TASK DIRECTIONS:
If a line in the data below holds the word "Note", copy it.

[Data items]
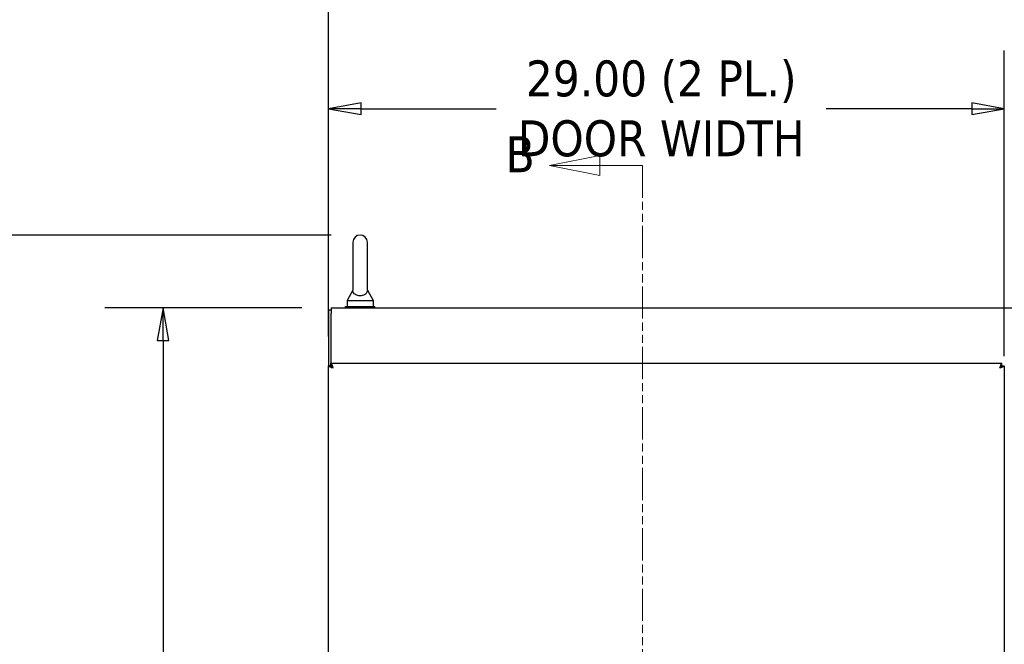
# Model space of a CAD drawing. Extents: x 807 to 1172, y 30 to 260.
# Tile 57 of 214: x 868 to 910, y 187 to 214. Entities that reach past the tile are written whole.
import ezdxf

# ---------------------------------------------------------------- set-up
doc = ezdxf.new("R2010")
doc.units = 0
doc.header["$LTSCALE"] = 4
doc.header["$MEASUREMENT"] = 0
doc.linetypes.add('DOUBLE_DASH_CHAIN', pattern=[1.2403, 0.6614, -0.0827, 0.1654, -0.0827, 0.1654, -0.0827])
doc.layers.get('0').update_dxf_attribs({"linetype": 'CONTINUOUS'})
doc.layers.get('DEFPOINTS').update_dxf_attribs({"linetype": 'CONTINUOUS'})
doc.layers.add('Section Line (ANSI)', color=7, linetype='DOUBLE_DASH_CHAIN', lineweight=5)
doc.styles.add('Note Text (ANSI)', font='tahoma.ttf')
doc.styles.add('ROMANS', font='romans.shx')
doc.dimstyles.new('Default (ANSI)', dxfattribs={"dimscale": 20, "dimtxt": 0.07, "dimasz": 0.07, "dimexe": 0.125, "dimexo": 0.0625, "dimgap": 0.031496, "dimtad": 0, "dimtih": 1, "dimtoh": 1, "dimrnd": 1e-08, "dimzin": 0, "dimdsep": 46, "dimtxsty": 'ROMANS', "dimblk": 'Filled-1', "dimcen": 0.09, "dimdle": 0.393701, "dimclrd": 256, "dimclre": 256, "dimclrt": 256, "dimadec": 0, "dimazin": 0, "dimtfac": 0.928571, "dimtofl": 0, "dimtmove": 0, "dimatfit": 3, "dimfxl": 1, "dimtolj": 1, "dimtzin": 0, "dimlwd": -1, "dimlwe": -1, "dimarcsym": 0})

# ---------------------------------------------------------------- blocks, each defined once
blk = doc.blocks.new('Filled-1')
at = {"color": 0}
for p, q in [((0, 0), (-1, 0.179)), ((-1, 0.179), (-1, -0.179)), ((-1, 0), (0, 0)), ((-1, -0.179), (0, 0))]:
    blk.add_line(p, q, dxfattribs=at)
at = {"color": 0, "flags": 128}
blk.add_lwpolyline([(-1, -0.179), (0, 0), (-1, 0.179), (-1, -0.179)], dxfattribs=at)
at = {"color": 0}
blk.add_solid([(-1, -0.179), (0, 0), (-1, 0.179), (-1, -0.179)], dxfattribs=at)
blk = doc.blocks.new('*D81')
at = {"transparency": 16777216}
for p, q in [((881.07, 204.921), (859.515, 204.921)), ((862.015, 203.521), (862.015, 171.297)), ((862.015, 131.074), (862.015, 163.298)), ((879.82, 129.674), (859.515, 129.674))]:
    blk.add_line(p, q, dxfattribs=at)
at = {"layer": 'DEFPOINTS', "color": 0, "transparency": 16777216}
for p in [(862.015, 204.921), (882.32, 204.921), (881.07, 129.674)]:
    blk.add_point(p, dxfattribs=at)
at = {"transparency": 16777216, "xscale": 1.400000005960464, "yscale": 1.400000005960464, "zscale": 1.400000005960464}
for p, rotation in [((862.015, 204.921), 90), ((862.015, 129.674), 270)]:
    blk.add_blockref('Filled-1', p, dxfattribs=dict(at, rotation=rotation))
at = {"transparency": 16777216, "insert": (862.015, 167.298), "char_height": 1.4, "attachment_point": 5, "style": 'ROMANS'}
blk.add_mtext('\\A1;\\fTahoma|b0|i0;\\H1.5400;(75.2)\\P\\fTahoma|b0|i0;\\H1.5400;TOTAL\\P\\fTahoma|b0|i0;\\H1.5400;HEIGHT', dxfattribs=at)
blk = doc.blocks.new('*D71')
at = {"transparency": 16777216}
for p, q in [((914.97, 168.986), (914.97, 184.968)), ((910.695, 182.468), (909.295, 182.468)), ((916.37, 182.468), (918.29, 182.468))]:
    blk.add_line(p, q, dxfattribs=at)
at = {"layer": 'DEFPOINTS', "color": 0, "transparency": 16777216}
for p in [(912.095, 199.319), (914.97, 182.468), (914.97, 167.736)]:
    blk.add_point(p, dxfattribs=at)
at = {"transparency": 16777216, "xscale": 1.400000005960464, "yscale": 1.400000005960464, "zscale": 1.400000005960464}
blk.add_blockref('Filled-1', (912.095, 182.468), dxfattribs=at)
at = {"transparency": 16777216, "xscale": 1.400000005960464, "yscale": 1.400000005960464, "zscale": 1.400000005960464, "rotation": 180}
blk.add_blockref('Filled-1', (914.97, 182.468), dxfattribs=at)
at = {"transparency": 16777216, "insert": (920.954, 182.468), "char_height": 1.4, "attachment_point": 5, "style": 'ROMANS'}
blk.add_mtext('\\A1;\\fTahoma|b0|i0;\\H1.5400;2.88\\P\\fTahoma|b0|i0;\\H1.5400;TYP.', dxfattribs=at)
blk = doc.blocks.new('*D72')
at = {"transparency": 16777216}
for p, q in [((879.82, 201.799), (871.366, 201.799)), ((873.866, 200.399), (873.866, 169.701)), ((873.866, 131.074), (873.866, 161.771)), ((879.82, 129.674), (871.366, 129.674))]:
    blk.add_line(p, q, dxfattribs=at)
at = {"layer": 'DEFPOINTS', "color": 0, "transparency": 16777216}
for p in [(873.866, 201.799), (881.07, 201.799), (881.07, 129.674)]:
    blk.add_point(p, dxfattribs=at)
at = {"transparency": 16777216, "xscale": 1.400000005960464, "yscale": 1.400000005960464, "zscale": 1.400000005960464}
for p, rotation in [((873.866, 201.799), 90), ((873.866, 129.674), 270)]:
    blk.add_blockref('Filled-1', p, dxfattribs=dict(at, rotation=rotation))
at = {"transparency": 16777216, "insert": (873.866, 165.736), "char_height": 1.4, "attachment_point": 5, "style": 'ROMANS'}
blk.add_mtext('\\A1;\\fTahoma|b0|i0;\\H1.5400;72.13\\P\\fTahoma|b0|i0;\\H1.5400;TUB\\P\\fTahoma|b0|i0;\\H1.5400;HEIGHT', dxfattribs=at)
blk = doc.blocks.new('*D75')
at = {"transparency": 16777216}
for p, q in [((880.966, 202.945), (880.966, 219.674)), ((941.091, 202.945), (941.091, 219.674)), ((882.366, 217.174), (904.333, 217.174)), ((939.691, 217.174), (916.777, 217.174))]:
    blk.add_line(p, q, dxfattribs=at)
at = {"layer": 'DEFPOINTS', "color": 0, "transparency": 16777216}
for p in [(941.091, 217.174), (880.966, 201.695), (941.091, 201.695)]:
    blk.add_point(p, dxfattribs=at)
at = {"transparency": 16777216, "xscale": 1.400000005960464, "yscale": 1.400000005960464, "zscale": 1.400000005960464, "rotation": 180}
blk.add_blockref('Filled-1', (880.966, 217.174), dxfattribs=at)
at = {"transparency": 16777216, "xscale": 1.400000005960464, "yscale": 1.400000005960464, "zscale": 1.400000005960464}
blk.add_blockref('Filled-1', (941.091, 217.174), dxfattribs=at)
at = {"transparency": 16777216, "insert": (910.555, 217.174), "char_height": 1.4, "attachment_point": 5, "style": 'ROMANS'}
blk.add_mtext('\\A1;\\fTahoma|b0|i0;\\H1.5400;60.13\\P\\fTahoma|b0|i0;\\H1.5400;TUB WIDTH', dxfattribs=at)
blk = doc.blocks.new('*D78')
at = {"transparency": 16777216}
for p, q in [((880.962, 200.569), (880.962, 212.838)), ((909.962, 199.726), (909.962, 212.838)), ((882.362, 210.338), (888.158, 210.338)), ((908.562, 210.338), (902.32, 210.338))]:
    blk.add_line(p, q, dxfattribs=at)
at = {"layer": 'DEFPOINTS', "color": 0, "transparency": 16777216}
for p in [(880.962, 210.338), (880.962, 199.319), (909.962, 198.476)]:
    blk.add_point(p, dxfattribs=at)
at = {"transparency": 16777216, "xscale": 1.400000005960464, "yscale": 1.400000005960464, "zscale": 1.400000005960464, "rotation": 180}
blk.add_blockref('Filled-1', (880.962, 210.338), dxfattribs=at)
at = {"transparency": 16777216, "xscale": 1.400000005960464, "yscale": 1.400000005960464, "zscale": 1.400000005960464}
blk.add_blockref('Filled-1', (909.962, 210.338), dxfattribs=at)
at = {"transparency": 16777216, "insert": (895.239, 210.338), "char_height": 1.4, "attachment_point": 5, "style": 'ROMANS'}
blk.add_mtext('\\A1;\\fTahoma|b0|i0;\\H1.5400;29.00 (2 PL.)\\P\\fTahoma|b0|i0;\\H1.5400;DOOR WIDTH', dxfattribs=at)
blk = doc.blocks.new('*D85')
at = {"transparency": 16777216}
for p, q in [((909.962, 200.569), (909.962, 212.838)), ((912.095, 200.569), (912.095, 212.838)), ((908.562, 210.338), (907.162, 210.338)), ((913.495, 210.338), (914.992, 210.338))]:
    blk.add_line(p, q, dxfattribs=at)
at = {"layer": 'DEFPOINTS', "color": 0, "transparency": 16777216}
for p in [(909.962, 210.338), (909.962, 199.319), (912.095, 199.319)]:
    blk.add_point(p, dxfattribs=at)
at = {"transparency": 16777216, "xscale": 1.400000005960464, "yscale": 1.400000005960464, "zscale": 1.400000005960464}
blk.add_blockref('Filled-1', (909.962, 210.338), dxfattribs=at)
at = {"transparency": 16777216, "xscale": 1.400000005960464, "yscale": 1.400000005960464, "zscale": 1.400000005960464, "rotation": 180}
blk.add_blockref('Filled-1', (912.095, 210.338), dxfattribs=at)
at = {"transparency": 16777216, "insert": (918.622, 210.338), "char_height": 1.4, "attachment_point": 5, "style": 'ROMANS'}
blk.add_mtext('\\A1;(2.13)', dxfattribs=at)
blk = doc.blocks.new('2dTransSection1')
at = {"layer": 'Section Line (ANSI)', "linetype": 'Continuous'}
for p, q in [((4.2235, 8.0607), (4.1255, 8.0412)), ((4.2235, 8.0217), (4.2235, 8.0607)), ((4.2235, 8.0412), (4.1255, 8.0412)), ((4.1255, 8.0412), (4.2235, 8.0217)), ((4.3068, 8.0412), (4.2235, 8.0412)), ((4.3068, 8.0412), (4.3068, 8.0253))]:
    blk.add_line(p, q, dxfattribs=at)
at = {"layer": 'Section Line (ANSI)', "linetype": 'DOUBLE_DASH_CHAIN', "ltscale": 0.02375}
blk.add_line((4.3068, 8.0412), (4.3068, 4.785), dxfattribs=at)
at = {"layer": 'Section Line (ANSI)', "linetype": 'Continuous', "flags": 128}
blk.add_lwpolyline([(4.2235, 8.0607), (4.1255, 8.0412), (4.2235, 8.0217), (4.2235, 8.0607)], dxfattribs=at)
at = {"layer": 'Section Line (ANSI)'}
blk.add_solid([(4.2235, 8.0607), (4.1255, 8.0412), (4.2235, 8.0217), (4.2235, 8.0607)], dxfattribs=at)
at = {"layer": 'Section Line (ANSI)', "insert": (4.0397, 8.028), "char_height": 0.07, "attachment_point": 7, "style": 'Note Text (ANSI)'}
blk.add_mtext('B', dxfattribs=at)

msp = doc.modelspace()

# ---------------------------------------------------------------- linework, layer by layer
for p, q in [((882.01, 204.611), (882.01, 202.551)), ((882.63, 202.551), (882.63, 204.611)), ((882.01, 202.551), (881.76, 202.111)), ((882.63, 202.551), (882.88, 202.111)), ((881.76, 202.111), (882.88, 202.111)), ((881.76, 202.111), (881.76, 201.861)), ((882.88, 202.111), (882.88, 201.861)), ((880.966, 201.695), (880.966, 199.319)), ((881.07, 201.695), (880.966, 201.695)), ((881.07, 201.799), (940.987, 201.799)), ((881.07, 201.799), (881.07, 201.554)), ((881.07, 199.424), (881.07, 201.554)), ((881.695, 201.861), (882.945, 201.861)), ((881.695, 201.799), (881.695, 201.861)), ((882.945, 201.799), (882.945, 201.861)), ((881.066, 199.319), (880.962, 199.319)), ((880.962, 136.154), (880.962, 199.319)), ((881.067, 199.32), (881.067, 199.424)), ((881.067, 199.424), (909.857, 199.424)), ((881.07, 199.302), (881.07, 199.32)), ((909.857, 199.32), (909.857, 199.424)), ((909.858, 199.319), (909.962, 199.319)), ((909.962, 199.319), (909.962, 136.154))]:
    msp.add_line(p, q)
msp.add_arc((882.32, 204.611), 0.31, 0, 180)
for points, knots in [([(882.63, 202.551), (882.63, 202.551), (882.63, 202.55), (882.63, 202.54), (882.629, 202.527), (882.622, 202.488), (882.61, 202.451), (882.558, 202.392), (882.531, 202.372), (882.474, 202.343), (882.443, 202.333), (882.378, 202.319), (882.346, 202.316), (882.282, 202.317), (882.251, 202.321), (882.192, 202.335), (882.164, 202.344), (882.112, 202.371), (882.089, 202.388), (882.047, 202.43), (882.032, 202.455), (882.011, 202.51), (882.01, 202.537), (882.01, 202.55), (882.01, 202.551), (882.01, 202.551)], [0.914238, 0.914238, 0.914238, 0.914238, 0.952055, 0.952055, 1.031104, 1.031104, 1.178734, 1.178734, 1.276263, 1.276263, 1.362415, 1.362415, 1.439826, 1.439826, 1.514202, 1.514202, 1.592685, 1.592685, 1.685246, 1.685246, 1.802688, 1.802688, 1.946222, 1.946222, 1.985807, 1.985807, 1.985807, 1.985807]), ([(880.962, 199.319), (880.962, 199.301), (880.993, 199.282), (881.042, 199.264), (881.076, 199.251), (881.118, 199.239), (881.16, 199.226)], [0, 0, 0, 0, 0.935327, 0.935327, 0.935327, 1.570796, 1.570796, 1.570796, 1.570796]), ([(881.16, 199.226), (881.125, 199.248), (881.09, 199.271), (881.075, 199.293), (881.069, 199.302), (881.066, 199.31), (881.066, 199.319)], [0, 0, 0, 0, 1.127197, 1.127197, 1.127197, 1.570796, 1.570796, 1.570796, 1.570796]), ([(881.16, 199.226), (881.141, 199.288), (881.123, 199.349), (881.104, 199.385), (881.092, 199.41), (881.079, 199.424), (881.067, 199.424)], [0, 0, 0, 0, 0.935327, 0.935327, 0.935327, 1.570796, 1.570796, 1.570796, 1.570796]), ([(881.16, 199.226), (881.138, 199.261), (881.115, 199.296), (881.093, 199.311), (881.084, 199.317), (881.076, 199.32), (881.067, 199.32)], [0, 0, 0, 0, 1.127197, 1.127197, 1.127197, 1.570796, 1.570796, 1.570796, 1.570796]), ([(909.857, 199.424), (909.839, 199.424), (909.82, 199.393), (909.802, 199.344), (909.789, 199.31), (909.777, 199.268), (909.764, 199.226)], [0, 0, 0, 0, 0.935327, 0.935327, 0.935327, 1.570796, 1.570796, 1.570796, 1.570796]), ([(909.764, 199.226), (909.787, 199.261), (909.809, 199.296), (909.831, 199.311), (909.84, 199.317), (909.849, 199.32), (909.857, 199.32)], [0, 0, 0, 0, 1.127197, 1.127197, 1.127197, 1.570796, 1.570796, 1.570796, 1.570796]), ([(909.764, 199.226), (909.826, 199.245), (909.887, 199.263), (909.923, 199.282), (909.948, 199.294), (909.962, 199.307), (909.962, 199.319)], [0, 0, 0, 0, 0.935327, 0.935327, 0.935327, 1.570796, 1.570796, 1.570796, 1.570796]), ([(909.764, 199.226), (909.8, 199.248), (909.834, 199.271), (909.849, 199.293), (909.855, 199.302), (909.858, 199.31), (909.858, 199.319)], [0, 0, 0, 0, 1.127197, 1.127197, 1.127197, 1.570796, 1.570796, 1.570796, 1.570796])]:
    msp.add_open_spline(points, degree=3, knots=knots)

# ---------------------------------------------------------------- block references
at = {"xscale": 22, "yscale": 22, "zscale": 22}
msp.add_blockref('2dTransSection1', (799.691, 30.998), dxfattribs=at)

# ---------------------------------------------------------------- dimensions: what is measured, and where the dimension line sits
for base, p1, p2, angle, text, override, picture, middle in [((941.091100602, 217.173568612), (880.966100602, 201.694887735), (941.091100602, 201.694887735), 180, '\\fTahoma|b0|i0;\\H1.5400;<>\\P\\fTahoma|b0|i0;\\H1.5400;TUB WIDTH', {"dimgap": 0.031496, "dimtih": 0, "dimtoh": 0, "dimdec": 2, "dimtol": 0, "dimlim": 0, "dimtp": 0, "dimtm": 0, "dimtdec": 2, "dimatfit": 1}, '*D75', (910.555066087, 217.173568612)), ((880.962, 210.338), (909.962, 198.476), (880.962, 199.319), 180, '\\fTahoma|b0|i0;\\H1.5400;<> (2 PL.)\\P\\fTahoma|b0|i0;\\H1.5400;DOOR WIDTH', {"dimgap": 0.031496, "dimtih": 0, "dimtoh": 0, "dimdec": 2, "dimtol": 0, "dimlim": 0, "dimtp": 0, "dimtm": 0, "dimtdec": 2, "dimatfit": 1}, '*D78', (895.239, 210.338)), ((862.015, 204.921), (881.07, 129.674), (882.32, 204.921), 90, '\\fTahoma|b0|i0;\\H1.5400;(<>)\\P\\fTahoma|b0|i0;\\H1.5400;TOTAL\\P\\fTahoma|b0|i0;\\H1.5400;HEIGHT', {"dimgap": 0.031496, "dimdec": 1, "dimtol": 0, "dimlim": 0, "dimtp": 0, "dimtm": 0, "dimtdec": 1, "dimatfit": 1}, '*D81', (862.015, 167.298)), ((873.865954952, 201.798887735), (881.070100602, 129.673887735), (881.070100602, 201.798887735), 90, '\\fTahoma|b0|i0;\\H1.5400;<>\\P\\fTahoma|b0|i0;\\H1.5400;TUB\\P\\fTahoma|b0|i0;\\H1.5400;HEIGHT', {"dimgap": 0.031496, "dimdec": 2, "dimtol": 0, "dimlim": 0, "dimtp": 0, "dimtm": 0, "dimtdec": 2, "dimatfit": 1}, '*D72', (873.865954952, 165.736387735)), ((914.97010061, 182.46814031), (912.0951006, 199.31918063), (914.97010061, 167.73637966), 180, '\\fTahoma|b0|i0;\\H1.5400;<>\\P\\fTahoma|b0|i0;\\H1.5400;TYP.', {"dimgap": 0.031496, "dimtih": 0, "dimtoh": 0, "dimdec": 2, "dimse1": 1, "dimtol": 0, "dimlim": 0, "dimtp": 0, "dimtm": 0, "dimtdec": 2, "dimatfit": 1}, '*D71', (920.95429351, 182.46814031))]:
    dim = msp.add_linear_dim(base=base, p1=p1, p2=p2, angle=angle, text=text, dimstyle='Default (ANSI)', override=override)
    dim.commit()
    dim.dimension.update_dxf_attribs({"geometry": picture, "text_midpoint": middle, "dimtype": 160})
dim = msp.add_linear_dim(base=(909.962, 210.338), p1=(912.095, 199.319), p2=(909.962, 199.319), text='(<>)', dimstyle='Default (ANSI)', override={"dimgap": 0.031496, "dimtih": 0, "dimtoh": 0, "dimdec": 2, "dimtol": 0, "dimlim": 0, "dimtp": 0, "dimtm": 0, "dimtdec": 2, "dimatfit": 1})
dim.commit()
dim.dimension.update_dxf_attribs({"geometry": '*D85', "text_midpoint": (918.622, 210.338), "dimtype": 160})

doc.saveas('drawing.dxf')

ANSWER SPACE:
doc.styles.add('Note Text (ANSI)', font='tahoma.ttf')
at = {"layer": 'Section Line (ANSI)', "insert": (4.0397, 8.028), "char_height": 0.07, "attachment_point": 7, "style": 'Note Text (ANSI)'}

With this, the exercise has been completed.